Di fronte a questa pressione silenziosa, l’amministrazione comunale ha scelto di non limitarsi a tamponare. Ha deciso invece di rafforzare un lavoro già in corso, fatto di orientamento, accompagnamento, presenza costante accanto a chi cerca una soluzione abitativa e si scontra con un mercato sempre più selettivo. È in questo contesto che prende forma il progetto Emergenza Casa, finanziato e attivato da ISAC, l’Istituzione Servizi al Cittadino, come risposta strutturata a una fragilità che non è più episodica.

Il progetto nasce dall’idea che l’emergenza abitativa non si risolve con un singolo intervento, ma con una rete di azioni coordinate.

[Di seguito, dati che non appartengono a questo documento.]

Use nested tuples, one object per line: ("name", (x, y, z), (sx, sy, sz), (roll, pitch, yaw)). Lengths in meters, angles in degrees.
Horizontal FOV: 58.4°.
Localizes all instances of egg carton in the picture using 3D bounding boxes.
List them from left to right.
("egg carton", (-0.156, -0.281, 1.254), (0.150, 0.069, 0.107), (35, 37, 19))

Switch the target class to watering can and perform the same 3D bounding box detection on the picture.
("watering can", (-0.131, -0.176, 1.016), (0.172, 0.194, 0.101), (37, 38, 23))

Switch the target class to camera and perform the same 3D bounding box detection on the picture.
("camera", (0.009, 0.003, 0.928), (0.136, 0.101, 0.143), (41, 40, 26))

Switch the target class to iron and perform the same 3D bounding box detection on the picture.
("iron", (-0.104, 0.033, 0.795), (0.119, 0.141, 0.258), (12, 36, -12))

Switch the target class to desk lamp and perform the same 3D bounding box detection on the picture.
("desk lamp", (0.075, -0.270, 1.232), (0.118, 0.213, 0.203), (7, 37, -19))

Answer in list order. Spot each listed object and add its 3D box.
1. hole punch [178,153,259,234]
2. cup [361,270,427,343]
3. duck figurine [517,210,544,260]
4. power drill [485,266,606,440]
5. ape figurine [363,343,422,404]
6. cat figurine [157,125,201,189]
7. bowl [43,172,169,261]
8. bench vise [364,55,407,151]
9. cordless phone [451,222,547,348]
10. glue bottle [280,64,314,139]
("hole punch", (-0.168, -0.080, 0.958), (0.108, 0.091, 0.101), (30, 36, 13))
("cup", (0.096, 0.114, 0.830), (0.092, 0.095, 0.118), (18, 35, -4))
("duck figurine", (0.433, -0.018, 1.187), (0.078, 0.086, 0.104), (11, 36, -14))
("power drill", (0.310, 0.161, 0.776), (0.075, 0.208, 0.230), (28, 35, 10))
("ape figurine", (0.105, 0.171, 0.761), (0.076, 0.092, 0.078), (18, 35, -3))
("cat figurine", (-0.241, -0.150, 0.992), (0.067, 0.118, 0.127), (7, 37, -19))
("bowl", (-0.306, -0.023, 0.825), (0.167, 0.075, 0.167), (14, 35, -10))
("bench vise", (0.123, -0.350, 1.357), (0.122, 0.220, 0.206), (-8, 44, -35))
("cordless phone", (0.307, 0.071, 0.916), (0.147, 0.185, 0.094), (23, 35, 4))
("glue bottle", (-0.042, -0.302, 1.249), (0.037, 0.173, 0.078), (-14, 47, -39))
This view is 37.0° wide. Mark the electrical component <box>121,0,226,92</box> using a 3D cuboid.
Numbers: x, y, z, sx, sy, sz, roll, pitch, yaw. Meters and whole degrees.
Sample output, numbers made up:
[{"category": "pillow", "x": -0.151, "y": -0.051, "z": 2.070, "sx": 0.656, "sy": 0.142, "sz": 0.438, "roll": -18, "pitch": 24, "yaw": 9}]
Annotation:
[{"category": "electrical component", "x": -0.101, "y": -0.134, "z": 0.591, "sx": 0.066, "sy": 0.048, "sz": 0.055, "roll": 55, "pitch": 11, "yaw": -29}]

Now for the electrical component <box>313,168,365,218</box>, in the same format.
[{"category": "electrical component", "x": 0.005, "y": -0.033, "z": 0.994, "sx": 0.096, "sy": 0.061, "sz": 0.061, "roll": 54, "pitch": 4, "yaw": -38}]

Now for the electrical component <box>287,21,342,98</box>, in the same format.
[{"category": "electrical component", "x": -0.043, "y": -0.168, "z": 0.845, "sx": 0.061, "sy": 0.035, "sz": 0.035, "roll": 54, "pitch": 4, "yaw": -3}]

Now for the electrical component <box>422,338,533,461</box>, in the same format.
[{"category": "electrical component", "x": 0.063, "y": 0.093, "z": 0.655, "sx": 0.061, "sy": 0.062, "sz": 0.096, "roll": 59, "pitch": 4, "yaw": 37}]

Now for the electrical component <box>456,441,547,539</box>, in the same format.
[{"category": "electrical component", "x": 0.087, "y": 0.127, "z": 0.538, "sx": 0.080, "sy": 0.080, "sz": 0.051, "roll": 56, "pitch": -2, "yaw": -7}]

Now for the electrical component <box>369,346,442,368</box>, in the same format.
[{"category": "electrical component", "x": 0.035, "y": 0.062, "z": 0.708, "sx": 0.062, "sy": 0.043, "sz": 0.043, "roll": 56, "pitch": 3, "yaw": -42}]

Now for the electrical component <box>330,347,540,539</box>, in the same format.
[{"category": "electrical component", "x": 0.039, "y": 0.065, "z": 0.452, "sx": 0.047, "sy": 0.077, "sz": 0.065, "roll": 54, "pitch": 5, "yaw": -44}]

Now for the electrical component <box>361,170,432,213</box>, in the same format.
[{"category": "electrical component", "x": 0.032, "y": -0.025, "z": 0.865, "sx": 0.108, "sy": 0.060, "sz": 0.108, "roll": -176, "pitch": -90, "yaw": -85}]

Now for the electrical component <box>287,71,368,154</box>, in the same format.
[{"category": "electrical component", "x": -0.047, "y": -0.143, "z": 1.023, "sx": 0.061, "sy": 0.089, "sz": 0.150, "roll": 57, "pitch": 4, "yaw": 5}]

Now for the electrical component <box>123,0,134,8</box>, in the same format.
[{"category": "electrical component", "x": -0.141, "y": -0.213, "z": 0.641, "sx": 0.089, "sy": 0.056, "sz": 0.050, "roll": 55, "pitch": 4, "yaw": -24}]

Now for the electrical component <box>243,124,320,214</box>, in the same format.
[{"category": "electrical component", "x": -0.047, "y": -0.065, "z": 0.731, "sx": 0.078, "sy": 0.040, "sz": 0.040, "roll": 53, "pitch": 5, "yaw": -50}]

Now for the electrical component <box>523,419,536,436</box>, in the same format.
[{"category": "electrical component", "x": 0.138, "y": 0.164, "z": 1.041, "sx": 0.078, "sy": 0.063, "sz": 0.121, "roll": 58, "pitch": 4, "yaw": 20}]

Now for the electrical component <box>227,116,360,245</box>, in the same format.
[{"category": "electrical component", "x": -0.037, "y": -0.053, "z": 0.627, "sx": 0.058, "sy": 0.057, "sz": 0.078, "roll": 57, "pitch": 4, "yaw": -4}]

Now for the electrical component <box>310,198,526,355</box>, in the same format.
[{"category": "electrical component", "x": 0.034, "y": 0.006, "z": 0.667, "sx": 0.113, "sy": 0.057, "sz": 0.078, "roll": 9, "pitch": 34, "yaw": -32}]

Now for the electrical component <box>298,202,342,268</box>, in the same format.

C’è il sostegno alle famiglie, certo, ma c’è anche il tentativo di coinvolgere i proprietari privati, spesso diffidenti, talvolta spaventati. ISAC interviene anticipando contributi economici, offrendo tutele assicurative contro eventuali morosità e rafforzando un protocollo che punta ad aumentare il numero di alloggi disponibili per situazioni sociali certificate. Una sorta di patto implicito, in cui ciascuno è chiamato a fare la propria parte.

Al centro di questo meccanismo ci sono i Servizi Sociali, che lavorano come un sismografo del disagio quotidiano. Valutano le situazioni, certificano i casi, cercano di dare un ordine a un insieme di bisogni che non si presentano mai in modo semplice. Non si tratta solo di famiglie con minori, ma anche di persone con disabilità, anziani, nuclei fragili che richiedono risposte calibrate, non soluzioni standard. Il progetto, ampliato e aggiornato nel 2025, nasce proprio per intercettare questa complessità crescente.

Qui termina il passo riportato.